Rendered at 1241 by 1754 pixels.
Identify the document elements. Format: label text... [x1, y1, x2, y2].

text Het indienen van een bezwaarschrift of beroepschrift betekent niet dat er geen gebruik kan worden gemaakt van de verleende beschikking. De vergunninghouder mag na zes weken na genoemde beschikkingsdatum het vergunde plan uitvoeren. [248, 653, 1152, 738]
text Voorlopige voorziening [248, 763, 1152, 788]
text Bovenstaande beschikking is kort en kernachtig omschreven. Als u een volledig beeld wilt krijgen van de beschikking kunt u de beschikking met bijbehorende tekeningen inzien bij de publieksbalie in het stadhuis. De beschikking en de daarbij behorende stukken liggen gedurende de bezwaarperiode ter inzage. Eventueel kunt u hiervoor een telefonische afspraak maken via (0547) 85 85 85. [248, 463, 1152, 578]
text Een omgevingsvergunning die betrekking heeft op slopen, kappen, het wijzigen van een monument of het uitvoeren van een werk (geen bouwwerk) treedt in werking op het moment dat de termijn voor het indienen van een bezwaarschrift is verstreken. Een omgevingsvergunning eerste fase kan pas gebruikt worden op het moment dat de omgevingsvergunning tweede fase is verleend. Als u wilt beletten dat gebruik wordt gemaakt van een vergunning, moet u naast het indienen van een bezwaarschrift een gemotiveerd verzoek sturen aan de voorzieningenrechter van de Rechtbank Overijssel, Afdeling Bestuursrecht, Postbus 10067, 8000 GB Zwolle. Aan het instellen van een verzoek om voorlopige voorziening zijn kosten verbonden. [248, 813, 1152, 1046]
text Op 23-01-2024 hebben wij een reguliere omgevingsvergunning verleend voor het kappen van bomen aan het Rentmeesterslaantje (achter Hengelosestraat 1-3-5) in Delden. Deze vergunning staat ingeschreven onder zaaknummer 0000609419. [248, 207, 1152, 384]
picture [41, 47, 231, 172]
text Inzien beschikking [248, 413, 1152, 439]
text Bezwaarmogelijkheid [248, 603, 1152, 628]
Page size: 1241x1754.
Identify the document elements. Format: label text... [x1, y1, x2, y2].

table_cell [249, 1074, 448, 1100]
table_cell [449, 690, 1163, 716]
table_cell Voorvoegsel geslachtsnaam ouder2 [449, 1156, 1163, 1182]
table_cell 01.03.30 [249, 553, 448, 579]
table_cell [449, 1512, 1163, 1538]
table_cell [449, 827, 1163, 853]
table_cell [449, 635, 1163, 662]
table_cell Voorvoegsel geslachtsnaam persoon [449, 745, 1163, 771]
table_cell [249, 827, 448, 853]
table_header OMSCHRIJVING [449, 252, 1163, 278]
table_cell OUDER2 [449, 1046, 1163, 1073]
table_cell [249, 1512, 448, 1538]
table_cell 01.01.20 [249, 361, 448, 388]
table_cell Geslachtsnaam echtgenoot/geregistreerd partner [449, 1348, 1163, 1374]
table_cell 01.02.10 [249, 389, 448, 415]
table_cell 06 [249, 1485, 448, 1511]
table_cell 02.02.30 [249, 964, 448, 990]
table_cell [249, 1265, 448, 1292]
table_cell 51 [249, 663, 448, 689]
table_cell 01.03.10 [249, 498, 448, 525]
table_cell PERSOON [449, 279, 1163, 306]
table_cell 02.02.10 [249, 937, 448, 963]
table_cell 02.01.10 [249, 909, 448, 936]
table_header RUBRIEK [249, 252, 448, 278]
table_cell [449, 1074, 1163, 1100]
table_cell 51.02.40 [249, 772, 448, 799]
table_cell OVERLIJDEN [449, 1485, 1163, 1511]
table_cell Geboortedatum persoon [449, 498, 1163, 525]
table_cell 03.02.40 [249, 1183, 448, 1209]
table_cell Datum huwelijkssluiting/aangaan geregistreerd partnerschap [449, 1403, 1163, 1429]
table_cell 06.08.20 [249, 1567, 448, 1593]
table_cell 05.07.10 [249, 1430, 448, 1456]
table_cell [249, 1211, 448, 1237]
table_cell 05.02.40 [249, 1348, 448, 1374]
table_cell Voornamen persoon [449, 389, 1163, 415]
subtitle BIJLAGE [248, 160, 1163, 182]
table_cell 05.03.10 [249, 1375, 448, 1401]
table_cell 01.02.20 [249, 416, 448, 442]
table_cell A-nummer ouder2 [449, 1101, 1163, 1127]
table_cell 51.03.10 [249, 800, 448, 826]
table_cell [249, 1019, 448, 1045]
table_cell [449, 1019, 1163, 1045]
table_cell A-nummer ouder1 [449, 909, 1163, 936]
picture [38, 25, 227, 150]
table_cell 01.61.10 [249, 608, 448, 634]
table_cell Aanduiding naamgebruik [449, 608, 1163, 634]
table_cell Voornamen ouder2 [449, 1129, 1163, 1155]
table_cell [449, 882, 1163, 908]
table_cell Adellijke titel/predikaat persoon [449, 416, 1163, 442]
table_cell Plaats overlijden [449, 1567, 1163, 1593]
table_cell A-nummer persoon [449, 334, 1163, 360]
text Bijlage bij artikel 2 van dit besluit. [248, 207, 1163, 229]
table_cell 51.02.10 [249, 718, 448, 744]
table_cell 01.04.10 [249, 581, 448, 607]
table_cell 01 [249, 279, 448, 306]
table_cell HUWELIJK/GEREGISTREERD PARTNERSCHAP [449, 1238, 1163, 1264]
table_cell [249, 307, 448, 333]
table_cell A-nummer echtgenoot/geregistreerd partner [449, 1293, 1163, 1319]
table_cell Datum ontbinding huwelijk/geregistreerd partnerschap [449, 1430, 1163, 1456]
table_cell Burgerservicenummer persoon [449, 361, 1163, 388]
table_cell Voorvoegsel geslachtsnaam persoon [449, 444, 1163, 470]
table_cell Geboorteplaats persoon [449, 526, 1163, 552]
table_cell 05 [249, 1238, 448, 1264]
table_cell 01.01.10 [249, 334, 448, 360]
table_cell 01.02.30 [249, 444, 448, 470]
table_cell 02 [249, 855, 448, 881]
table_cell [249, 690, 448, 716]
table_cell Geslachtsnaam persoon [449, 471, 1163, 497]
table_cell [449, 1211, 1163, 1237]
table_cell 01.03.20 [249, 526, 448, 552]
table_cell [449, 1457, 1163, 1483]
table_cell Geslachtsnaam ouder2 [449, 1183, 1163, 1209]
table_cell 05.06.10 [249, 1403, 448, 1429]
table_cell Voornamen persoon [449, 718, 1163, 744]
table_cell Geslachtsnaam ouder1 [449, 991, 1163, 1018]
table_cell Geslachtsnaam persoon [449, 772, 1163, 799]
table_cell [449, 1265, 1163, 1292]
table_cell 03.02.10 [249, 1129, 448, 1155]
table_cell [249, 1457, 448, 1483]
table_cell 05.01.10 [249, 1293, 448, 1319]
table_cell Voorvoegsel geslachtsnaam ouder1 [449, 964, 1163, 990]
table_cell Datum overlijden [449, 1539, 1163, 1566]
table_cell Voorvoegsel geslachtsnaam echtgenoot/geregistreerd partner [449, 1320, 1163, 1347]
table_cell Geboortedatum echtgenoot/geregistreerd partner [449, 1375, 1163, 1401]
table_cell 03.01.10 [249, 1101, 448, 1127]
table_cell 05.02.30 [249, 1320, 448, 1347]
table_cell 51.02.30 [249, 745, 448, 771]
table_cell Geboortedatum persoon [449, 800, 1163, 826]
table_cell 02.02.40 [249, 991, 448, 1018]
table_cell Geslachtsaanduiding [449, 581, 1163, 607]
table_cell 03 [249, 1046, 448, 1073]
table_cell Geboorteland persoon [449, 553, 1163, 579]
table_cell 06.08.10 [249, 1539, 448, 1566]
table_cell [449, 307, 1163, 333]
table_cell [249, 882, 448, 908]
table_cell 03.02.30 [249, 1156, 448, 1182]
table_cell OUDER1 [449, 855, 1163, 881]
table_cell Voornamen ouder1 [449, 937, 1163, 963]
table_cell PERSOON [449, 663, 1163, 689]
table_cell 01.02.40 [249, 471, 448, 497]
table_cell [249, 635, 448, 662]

■ WORK REQUIRED ■
Which lines above contain the word "picture"? Show each of them.

■ SOLUTION TO THIS PROBLEM ■
picture [41, 47, 231, 172]
picture [38, 25, 227, 150]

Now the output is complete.